Fast forward to last year, I had just started radiation therapy and our family was invited to join a team for the Terry Fox Run in my hometown of Uxbridge. A big shout out to Jen C. who invited me! Without that special thought, I would have passed on the run for sure. I was feeling super tired, not just physically, but mentally as well. At that moment in time, I hated cancer. I wanted to quit radiation and stop all my meds. Basically I wanted out! I wanted to quit cancer! I was done. Thankfully my "team" of family, friends and cheerleaders kept me going. I knew deep down that representation was really important for our family. So, I dug deep. I wanted my kids and my friends to know how much community means to me as a cancer patient. I knew this was a way that my family and friends could physically and financially DO something towards helping cancer patients.

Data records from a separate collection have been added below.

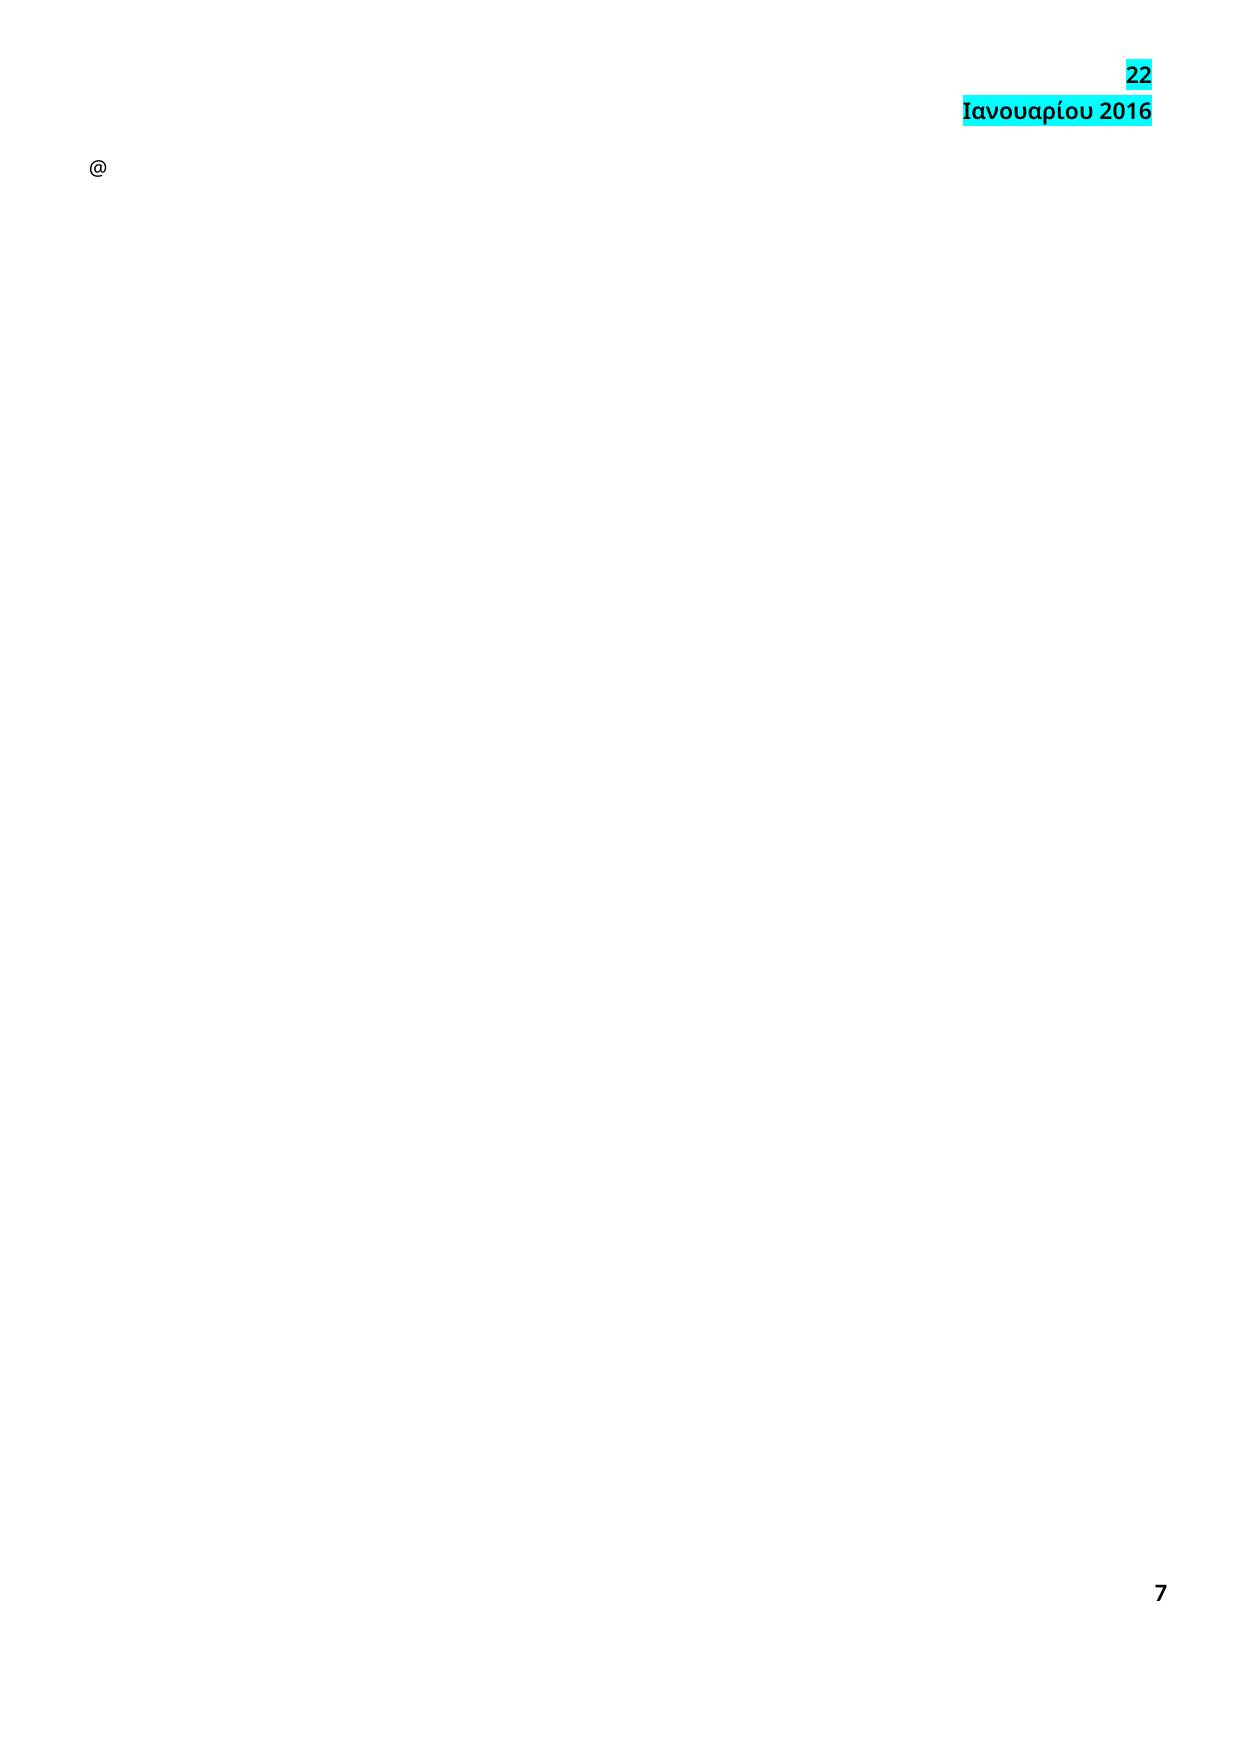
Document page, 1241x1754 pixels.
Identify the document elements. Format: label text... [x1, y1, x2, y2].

text @ [88, 153, 1152, 182]
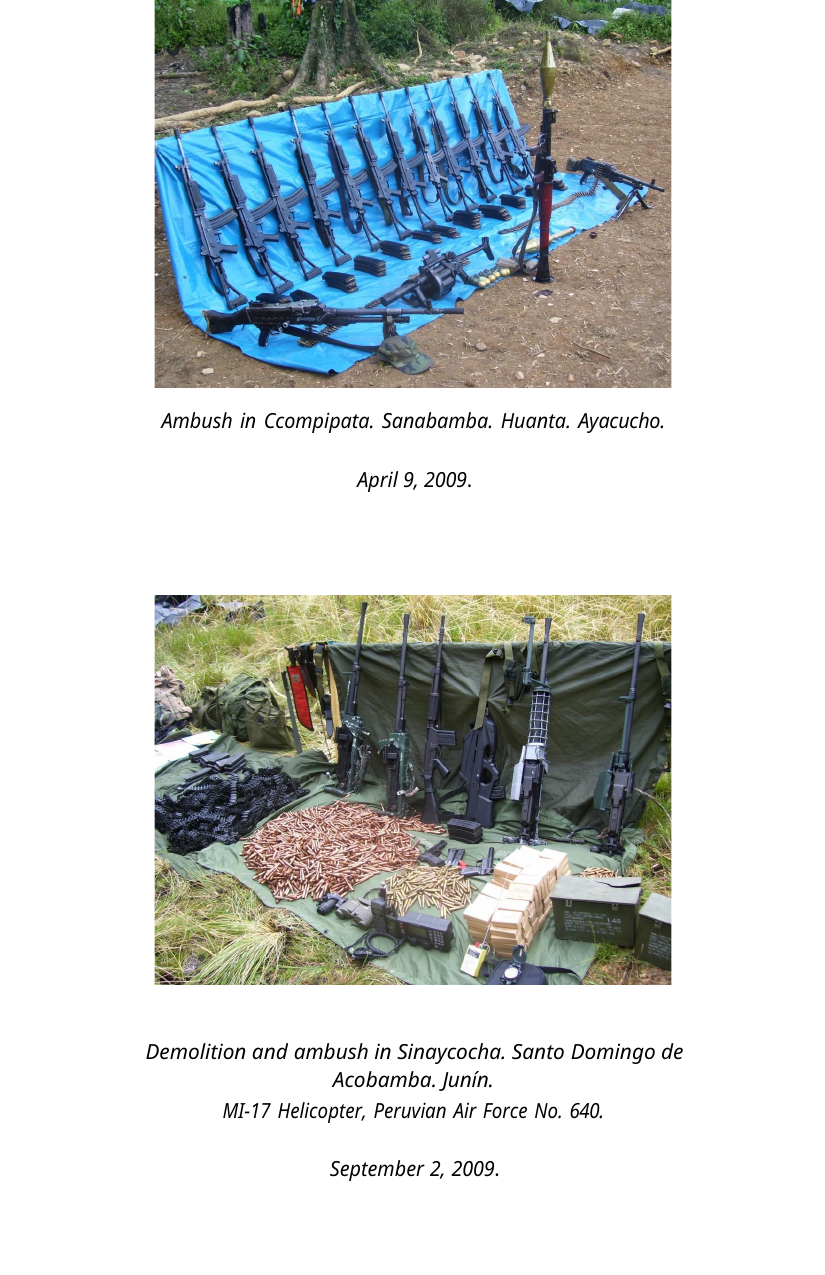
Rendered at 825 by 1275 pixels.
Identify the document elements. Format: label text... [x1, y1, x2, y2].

text MI-17 Helicopter, Peruvian Air Force No. 640. [90, 1096, 739, 1124]
text April 9, 2009. [90, 465, 739, 493]
picture [154, 0, 672, 388]
text Ambush in Ccompipata. Sanabamba. Huanta. Ayacucho. [90, 406, 739, 435]
text Demolition and ambush in Sinaycocha. Santo Domingo de Acobamba. Junín. [90, 1037, 739, 1094]
text September 2, 2009. [90, 1154, 739, 1183]
picture [154, 595, 672, 985]
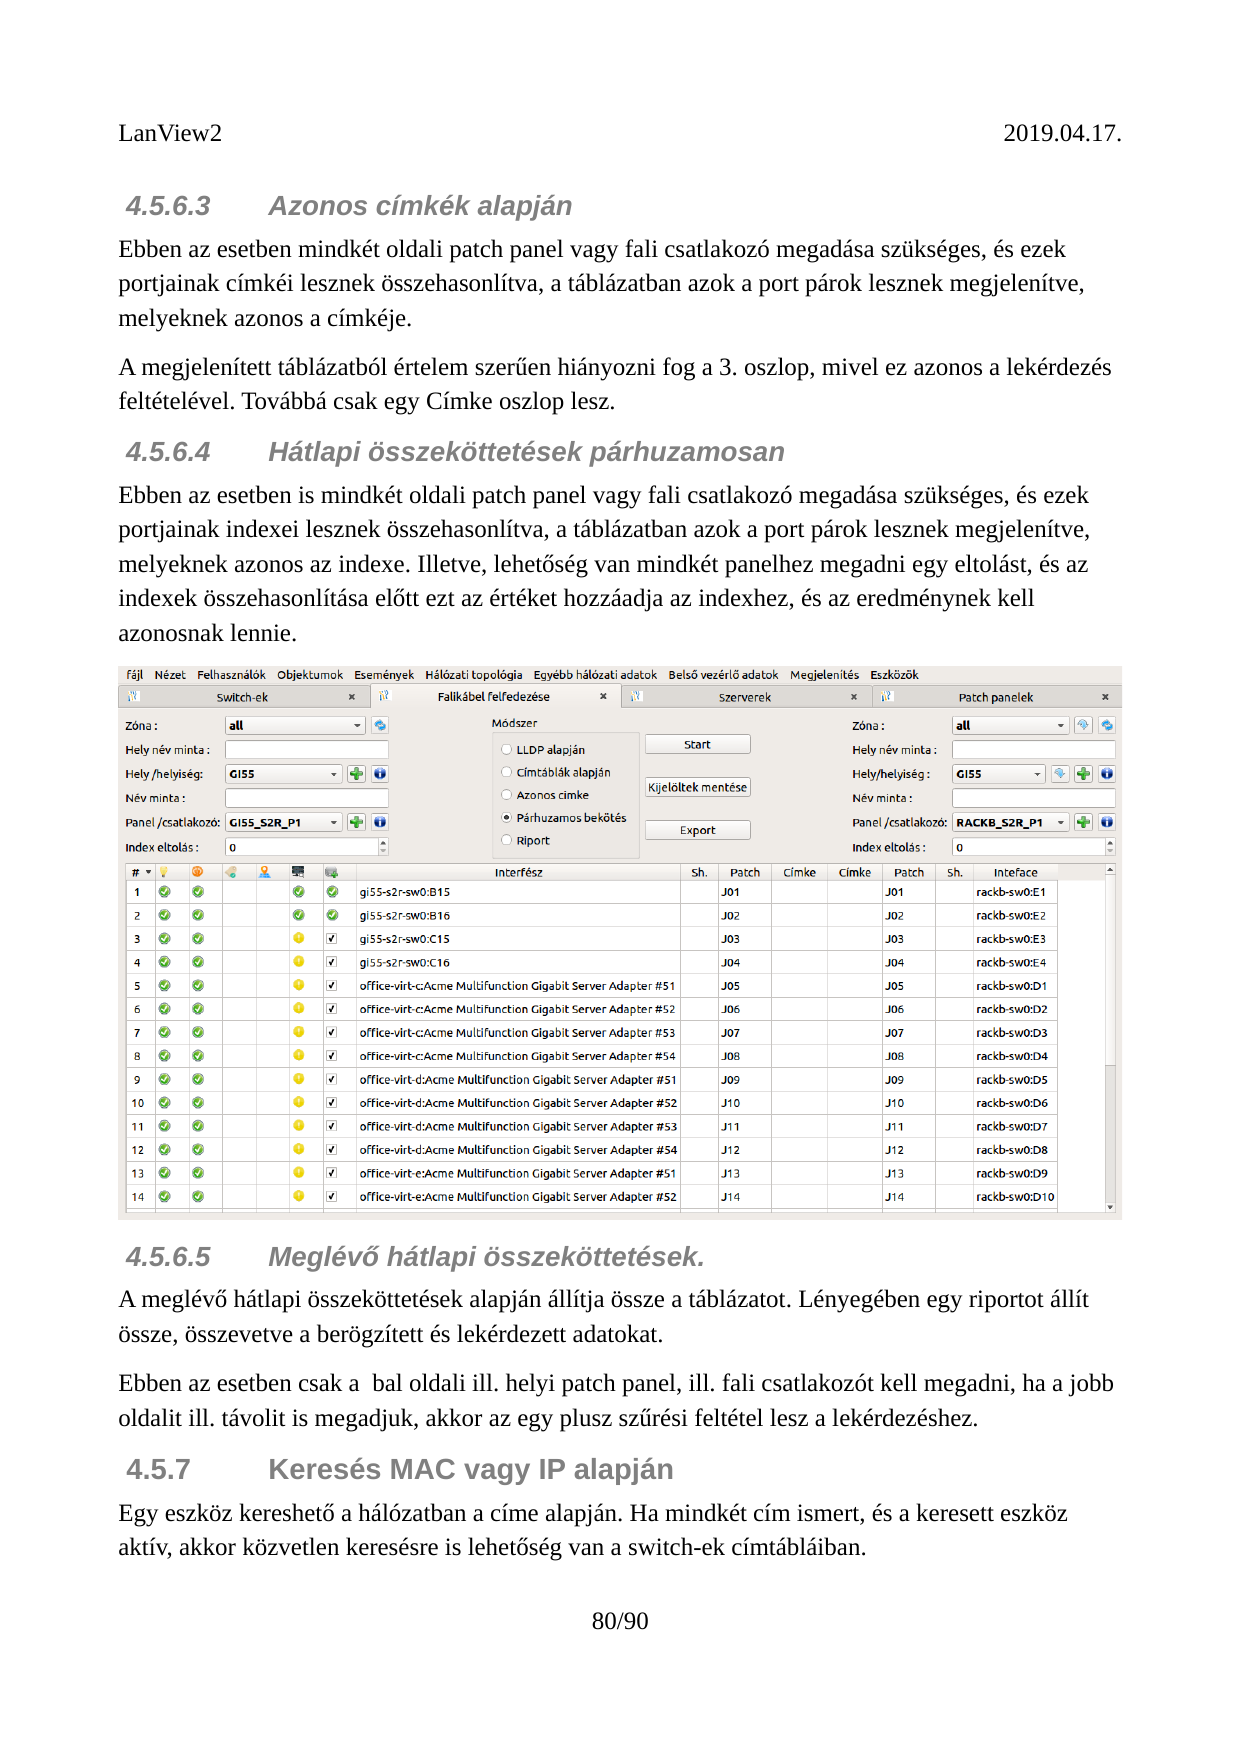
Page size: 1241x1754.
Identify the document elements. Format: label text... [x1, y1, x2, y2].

subtitle Meglévő hátlapi összeköttetések. [118, 1240, 1122, 1272]
text A meglévő hátlapi összeköttetések alapján állítja össze a táblázatot. Lényegében egy riportot állít össze, összevetve a berögzített és lekérdezett adatokat. [118, 1284, 1122, 1348]
text Ebben az esetben mindkét oldali patch panel vagy fali csatlakozó megadása szükséges, és ezek portjainak címkéi lesznek összehasonlítva, a táblázatban azok a port párok lesznek megjelenítve, melyeknek azonos a címkéje. [118, 234, 1122, 332]
text A megjelenített táblázatból értelem szerűen hiányozni fog a 3. oszlop, mivel ez azonos a lekérdezés feltételével. Továbbá csak egy Címke oszlop lesz. [118, 352, 1122, 415]
text Ebben az esetben is mindkét oldali patch panel vagy fali csatlakozó megadása szükséges, és ezek portjainak indexei lesznek összehasonlítva, a táblázatban azok a port párok lesznek megjelenítve, melyeknek azonos az indexe. Illetve, lehetőség van mindkét panelhez megadni egy eltolást, és az indexek összehasonlítása előtt ezt az értéket hozzáadja az indexhez, és az eredménynek kell azonosnak lennie. [118, 480, 1122, 647]
text Ebben az esetben csak a bal oldali ill. helyi patch panel, ill. fali csatlakozót kell megadni, ha a jobb oldalit ill. távolit is megadjuk, akkor az egy plusz szűrési feltétel lesz a lekérdezéshez. [118, 1368, 1122, 1431]
subtitle Hátlapi összeköttetések párhuzamosan [118, 436, 1122, 467]
picture [118, 666, 1123, 1220]
subtitle Azonos címkék alapján [118, 189, 1122, 221]
text Egy eszköz kereshető a hálózatban a címe alapján. Ha mindkét cím ismert, és a keresett eszköz aktív, akkor közvetlen keresésre is lehetőség van a switch-ek címtábláiban. [118, 1498, 1122, 1561]
subtitle Keresés MAC vagy IP alapján [118, 1452, 1122, 1485]
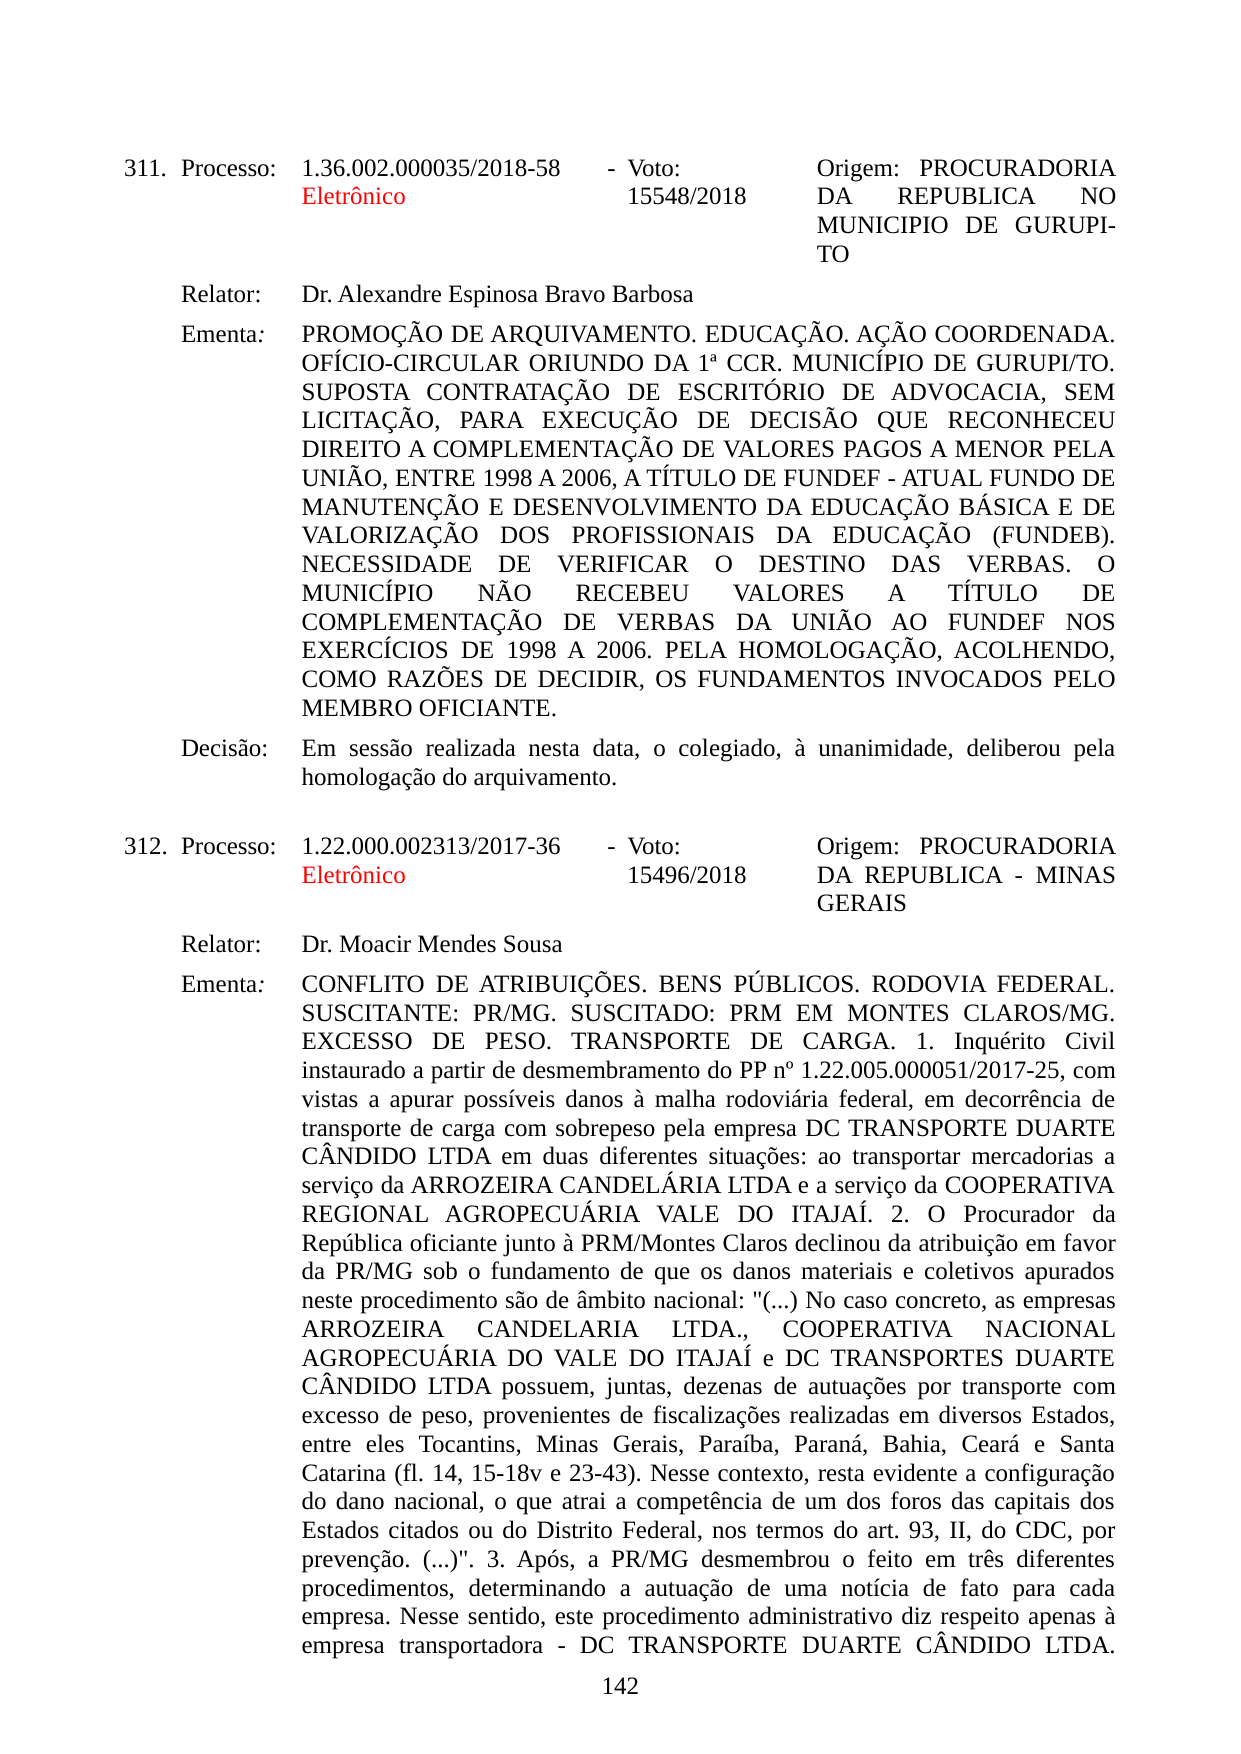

"Actively, coming together as a community can be a huge source of inspiration for a cancer patient"

For me it was just that. As a daughter, I watched my Mom get through treatment, but it feels so very helpless. When you have a friend or a loved one going through cancer treatment, you just feel helpless. You wish you could do more. But you can't. What you CAN do is be a cheerleader, provide comfort and support for the person going through treatments. The person going through the treatment just has to do their best to get through it. No magical recipe. Just surviving treatment is enough.

As I went through active treatment for most of 2017, I reflected often on how this disease was affecting those around me. Providing support for them was also a really important part of our cancer journey.

Today, I was humbled and grateful to be a part of the opening ceremonies and share some of my story at the Terry Fox Run in Uxbridge. What a blessing! I was able to share what research and support have meant to me personally and to us as a family.

To all of you who joined in a walk/run somewhere, made a donation or simply held space for us as walkers/runners, I thank you. From the bottom of my heart I thank you. I was well enough to walk with my friends and family on a beautiful day in September to honour all of those who have been touched by cancer. I hope Terry would be filled with joy to know that his legacy lives on.